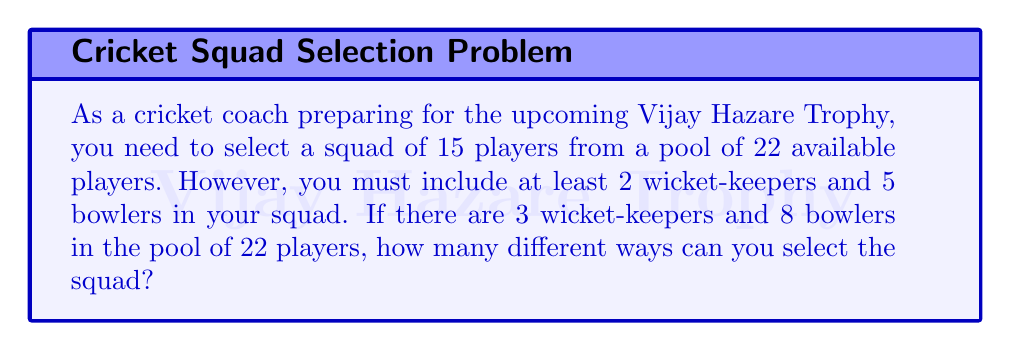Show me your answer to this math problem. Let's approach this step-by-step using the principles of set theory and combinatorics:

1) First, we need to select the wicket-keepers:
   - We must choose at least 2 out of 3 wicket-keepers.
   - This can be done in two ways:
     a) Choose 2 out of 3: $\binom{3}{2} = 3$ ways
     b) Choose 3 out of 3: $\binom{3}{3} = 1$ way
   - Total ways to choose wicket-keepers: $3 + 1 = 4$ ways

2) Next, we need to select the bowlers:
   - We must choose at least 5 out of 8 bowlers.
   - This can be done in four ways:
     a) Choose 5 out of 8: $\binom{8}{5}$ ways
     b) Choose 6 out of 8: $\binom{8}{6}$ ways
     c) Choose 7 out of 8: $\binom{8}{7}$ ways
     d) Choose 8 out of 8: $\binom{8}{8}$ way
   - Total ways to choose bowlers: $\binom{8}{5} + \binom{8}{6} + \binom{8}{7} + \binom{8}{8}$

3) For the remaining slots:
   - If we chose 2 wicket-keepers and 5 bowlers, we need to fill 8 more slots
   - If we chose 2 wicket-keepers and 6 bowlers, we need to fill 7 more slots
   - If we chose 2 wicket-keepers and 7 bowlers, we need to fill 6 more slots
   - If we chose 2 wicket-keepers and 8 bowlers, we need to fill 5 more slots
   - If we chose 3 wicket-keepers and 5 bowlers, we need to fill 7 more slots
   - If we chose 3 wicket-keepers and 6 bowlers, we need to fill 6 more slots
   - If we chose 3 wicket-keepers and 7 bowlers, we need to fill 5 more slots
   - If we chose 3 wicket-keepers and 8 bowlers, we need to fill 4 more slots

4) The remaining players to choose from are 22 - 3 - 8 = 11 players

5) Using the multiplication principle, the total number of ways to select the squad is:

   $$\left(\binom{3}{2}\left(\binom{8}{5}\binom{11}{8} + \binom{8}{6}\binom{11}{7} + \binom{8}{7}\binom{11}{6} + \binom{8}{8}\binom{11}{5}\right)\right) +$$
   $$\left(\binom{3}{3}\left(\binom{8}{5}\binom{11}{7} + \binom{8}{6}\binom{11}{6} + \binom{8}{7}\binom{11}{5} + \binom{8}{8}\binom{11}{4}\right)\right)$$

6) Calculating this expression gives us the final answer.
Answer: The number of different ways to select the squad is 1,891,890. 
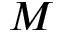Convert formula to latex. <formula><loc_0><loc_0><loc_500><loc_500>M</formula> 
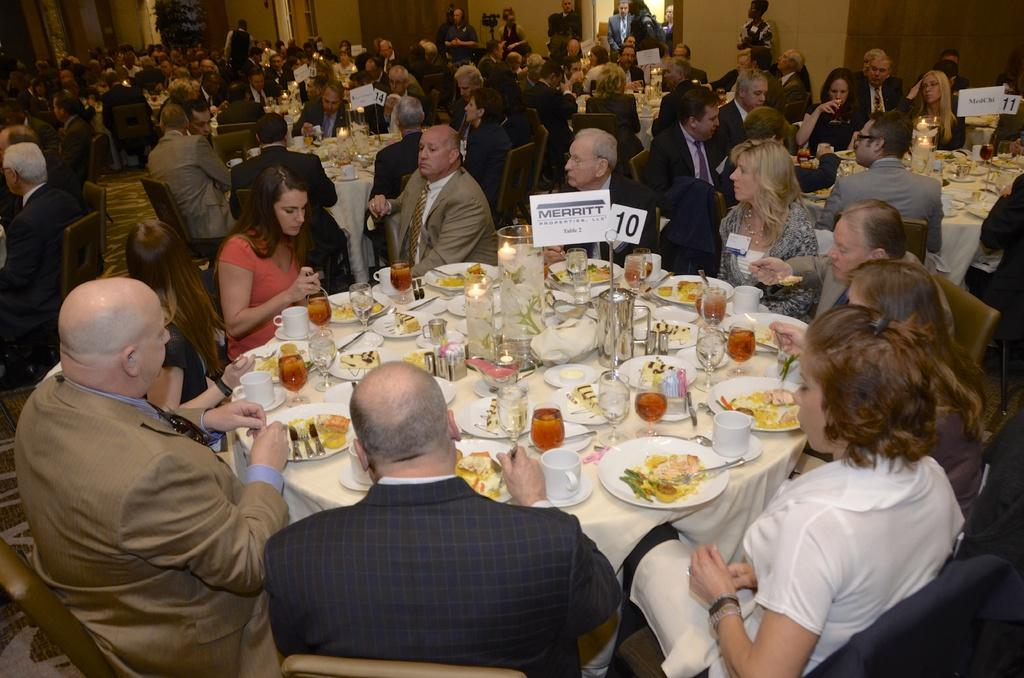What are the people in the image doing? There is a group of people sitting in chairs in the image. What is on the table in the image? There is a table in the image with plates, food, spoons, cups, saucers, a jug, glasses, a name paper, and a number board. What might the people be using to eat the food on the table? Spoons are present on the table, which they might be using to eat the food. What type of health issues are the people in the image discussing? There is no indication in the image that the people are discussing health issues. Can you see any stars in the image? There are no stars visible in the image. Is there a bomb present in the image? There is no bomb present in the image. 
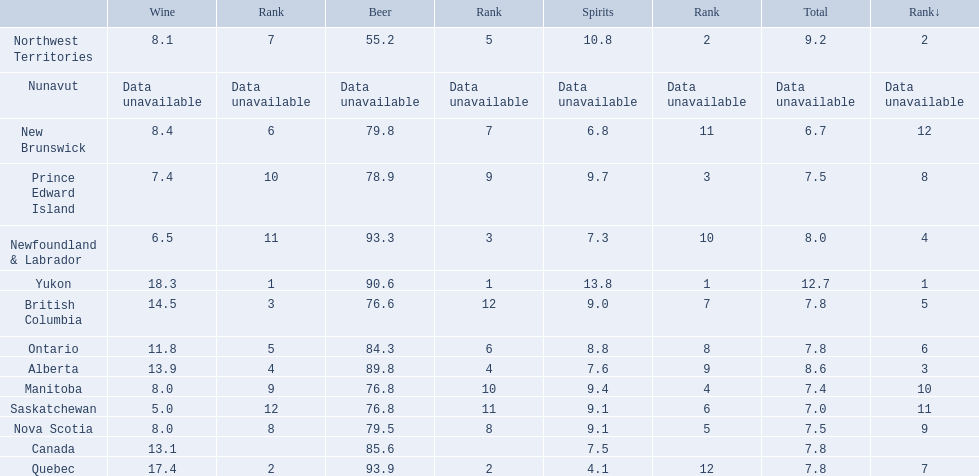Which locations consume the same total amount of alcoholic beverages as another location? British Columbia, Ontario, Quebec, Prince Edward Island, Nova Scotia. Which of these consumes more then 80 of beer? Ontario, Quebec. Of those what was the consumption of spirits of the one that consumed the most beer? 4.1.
...
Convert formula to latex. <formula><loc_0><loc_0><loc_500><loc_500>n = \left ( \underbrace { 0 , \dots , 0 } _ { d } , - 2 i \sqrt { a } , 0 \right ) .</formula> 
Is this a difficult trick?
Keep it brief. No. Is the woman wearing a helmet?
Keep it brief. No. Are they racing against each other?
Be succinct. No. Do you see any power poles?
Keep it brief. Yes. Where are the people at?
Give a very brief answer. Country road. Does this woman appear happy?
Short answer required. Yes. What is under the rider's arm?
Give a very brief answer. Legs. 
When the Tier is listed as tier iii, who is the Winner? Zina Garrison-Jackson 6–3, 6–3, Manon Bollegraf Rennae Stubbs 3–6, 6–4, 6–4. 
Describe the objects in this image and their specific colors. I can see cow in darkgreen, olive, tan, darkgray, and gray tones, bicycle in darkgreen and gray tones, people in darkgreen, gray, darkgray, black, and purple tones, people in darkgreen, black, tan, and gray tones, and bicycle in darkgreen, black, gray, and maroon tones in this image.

What the task asks
In the entries above, find the line with "Show me your" and the line with "- This can be done in two". Return exactly those lines and all the ones between them, pictures excluded.

Solution
Show me your answer to this math problem. Let's approach this step-by-step using the principles of set theory and combinatorics:

1) First, we need to select the wicket-keepers:
   - We must choose at least 2 out of 3 wicket-keepers.
   - This can be done in two ways:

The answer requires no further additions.